Bundeswehr in Bruchsal

ABC-Abwehr aus Bruchsal: Was die Bundeswehr beim „Badischen Sturm 2026“ trainiert

Militärisches ABC-Schutzfahrzeug mit Ausrüstung auf einem neutralen Übungsgelände der Bundeswehr
Symbolbild: KI-generiert. Die Bundeswehr trainiert bei „Badischer Sturm 2026“ Fähigkeiten zur Abwehr atomarer, biologischer und chemischer Gefahren.
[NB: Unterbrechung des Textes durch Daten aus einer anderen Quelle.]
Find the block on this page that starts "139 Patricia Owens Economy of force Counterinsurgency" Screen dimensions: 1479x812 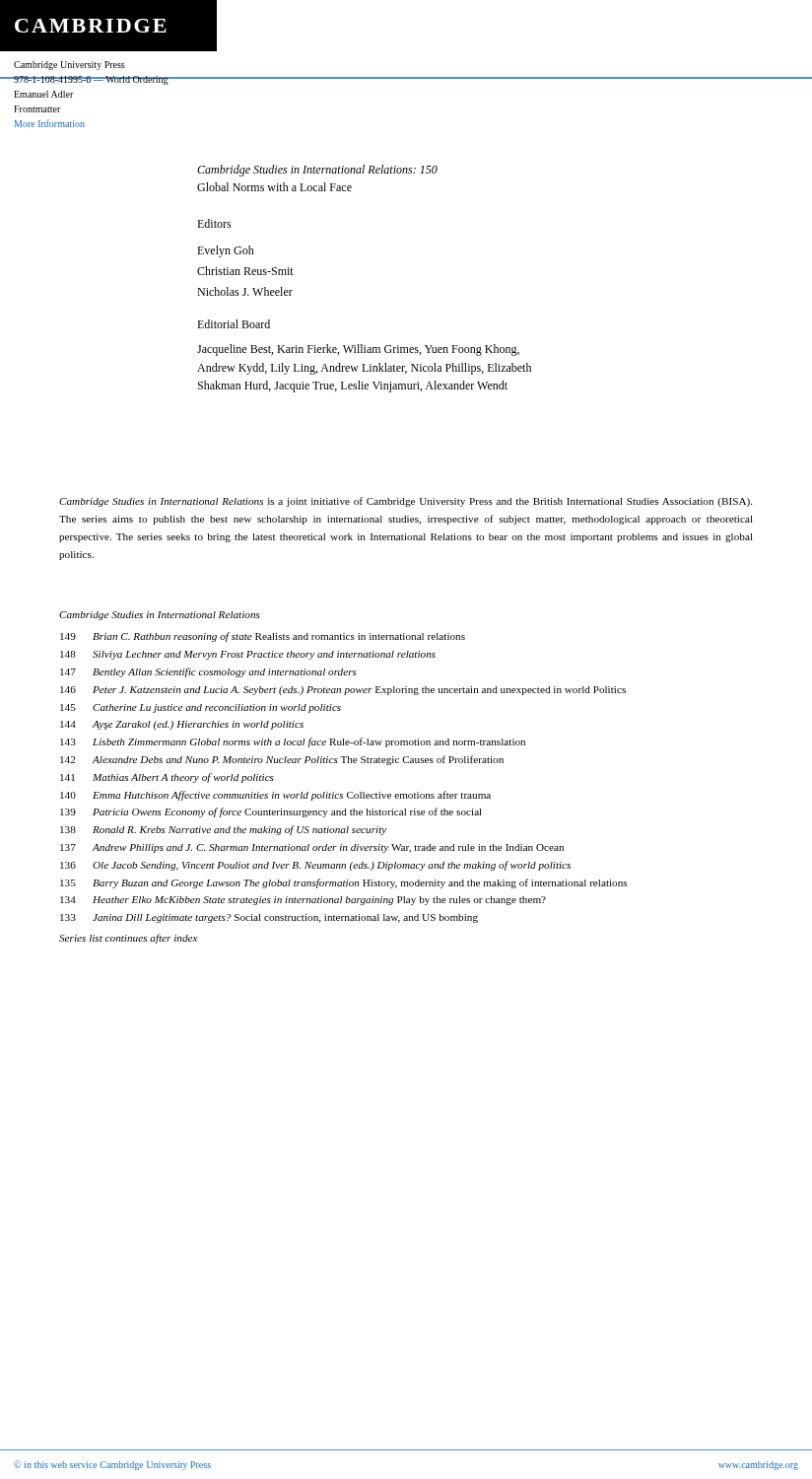[x=406, y=812]
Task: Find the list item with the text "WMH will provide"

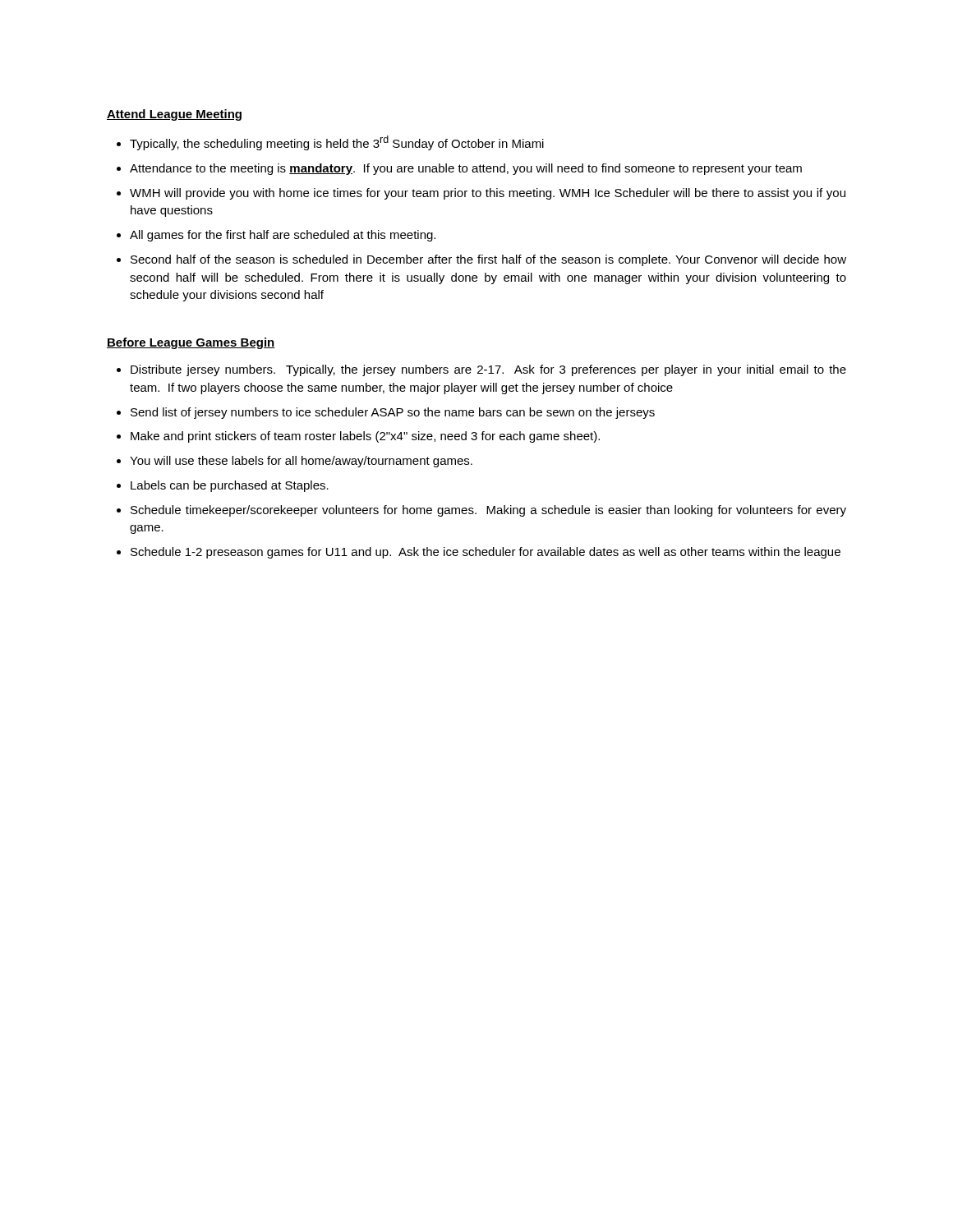Action: (488, 201)
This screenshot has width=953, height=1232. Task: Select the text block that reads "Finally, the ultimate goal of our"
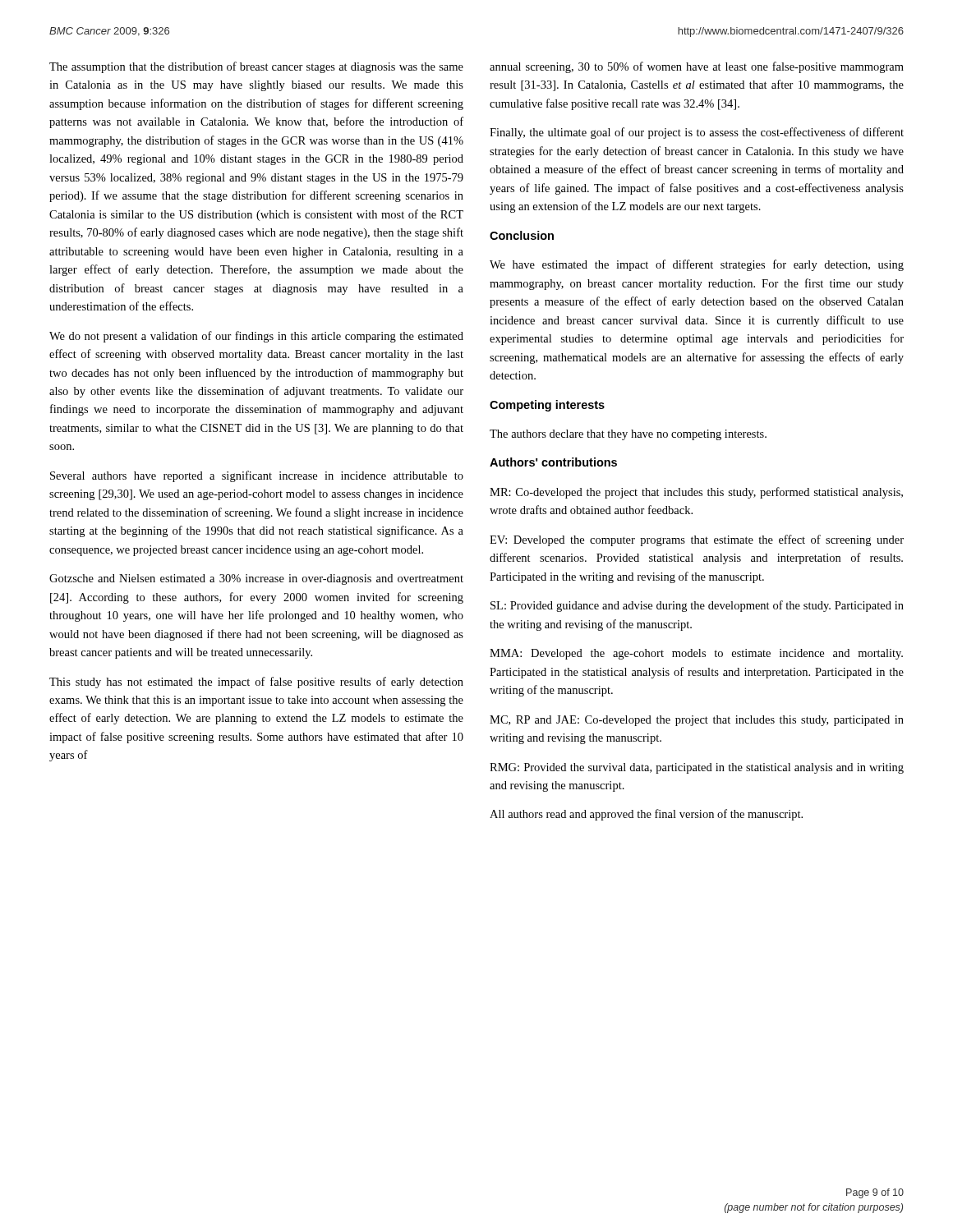(697, 170)
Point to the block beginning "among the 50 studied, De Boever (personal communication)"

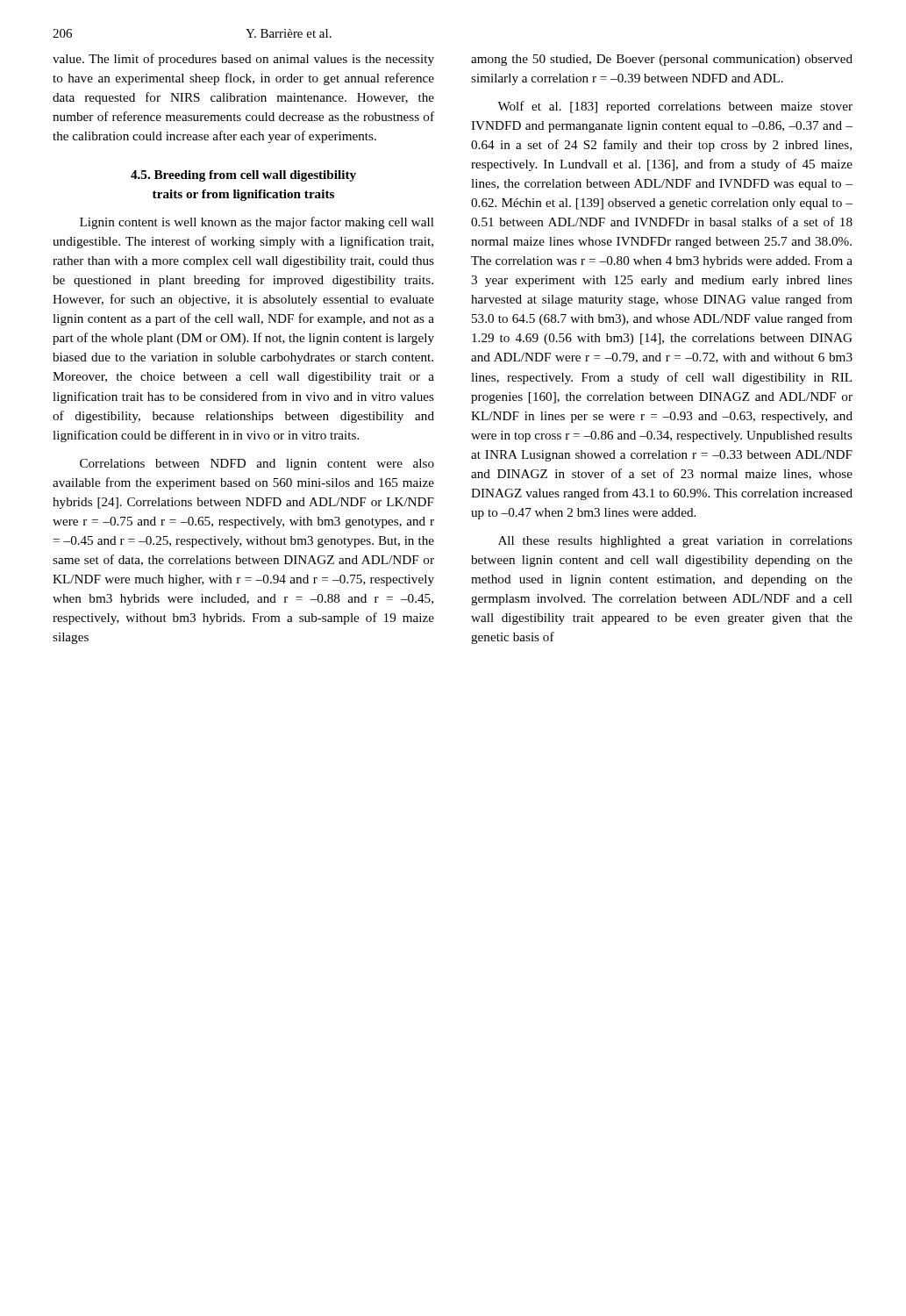(x=662, y=68)
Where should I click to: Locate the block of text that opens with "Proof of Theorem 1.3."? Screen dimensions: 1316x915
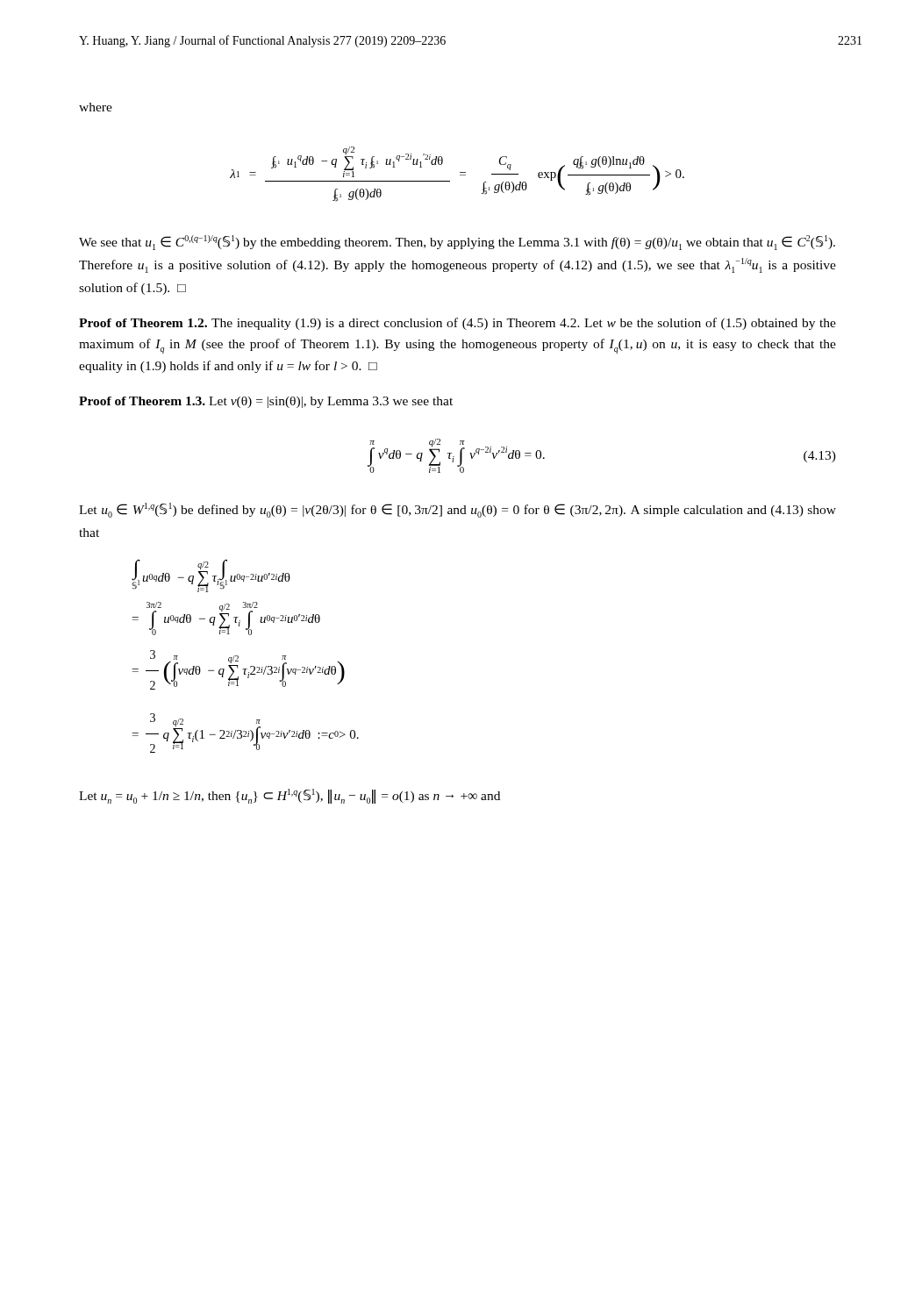pyautogui.click(x=266, y=401)
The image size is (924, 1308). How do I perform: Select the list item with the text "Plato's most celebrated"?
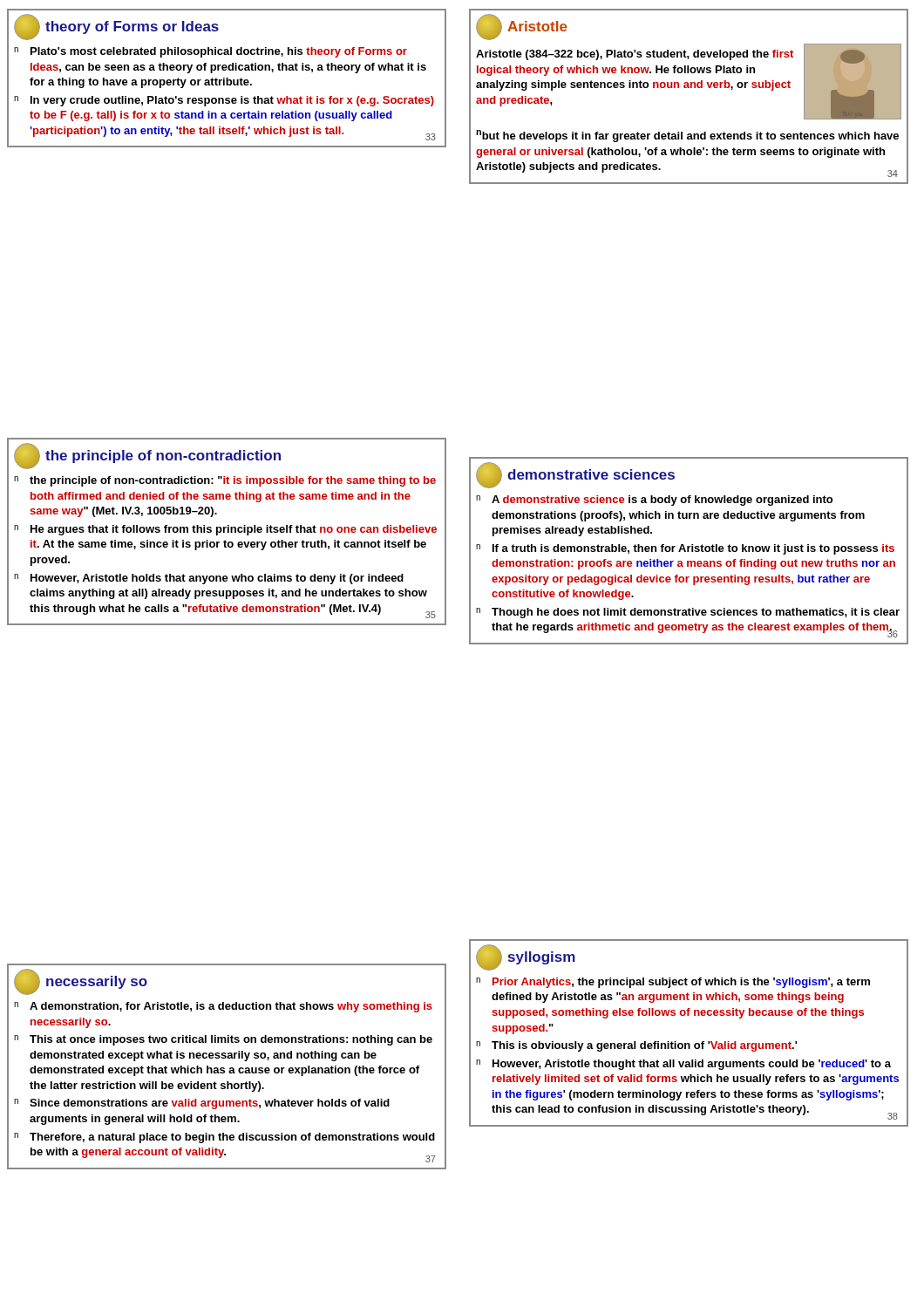click(228, 66)
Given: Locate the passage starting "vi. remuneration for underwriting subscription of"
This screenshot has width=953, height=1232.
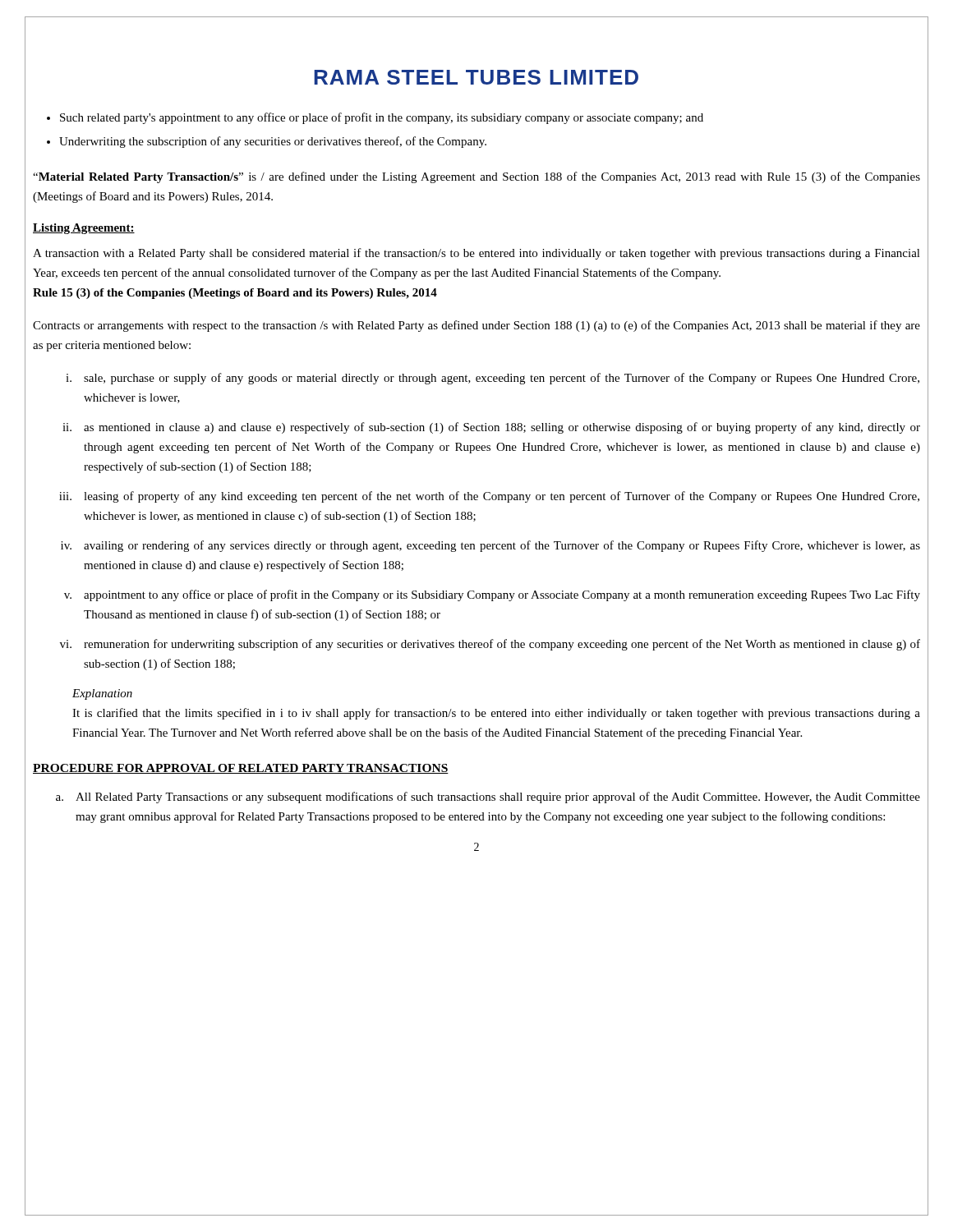Looking at the screenshot, I should [476, 653].
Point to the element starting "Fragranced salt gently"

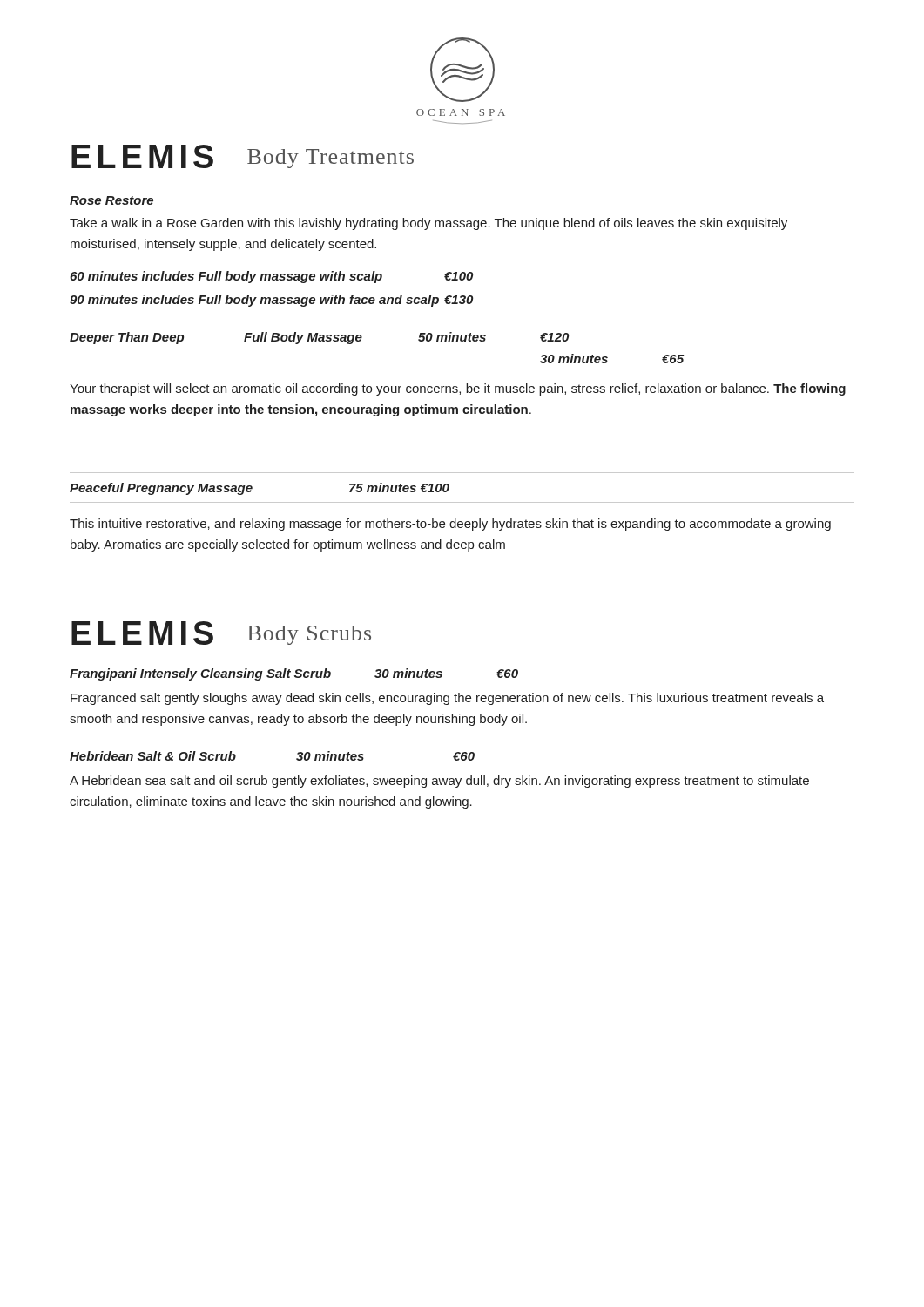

Bruchsal steht für knapp zwei Wochen im Mittelpunkt einer groß angelegten Bundeswehr-Übung: Beim „Badischen Sturm 2026“ trainieren mehrere Hundert Soldatinnen und Soldaten den Umgang mit atomaren, biologischen und chemischen Gefahren. Militärfahrzeuge können dabei auch auf öffentlichen Straßen unterwegs sein. Was genau geübt wird und warum nicht alle Einsatzorte vorab bekannt gegeben werden.

Bruchsal, 20. September 2026. Seit dem 14. September läuft die Bundeswehr-Übung „Badischer Sturm 2026“. Verantwortlich ist das in Bruchsal stationierte ABC-Abwehrregiment 750 „Baden“. Nach aktuellen Angaben der Bundeswehr nehmen rund 500 Soldatinnen und Soldaten teil. Noch bis zum 25. September sollen sie unter möglichst realitätsnahen Bedingungen trainieren.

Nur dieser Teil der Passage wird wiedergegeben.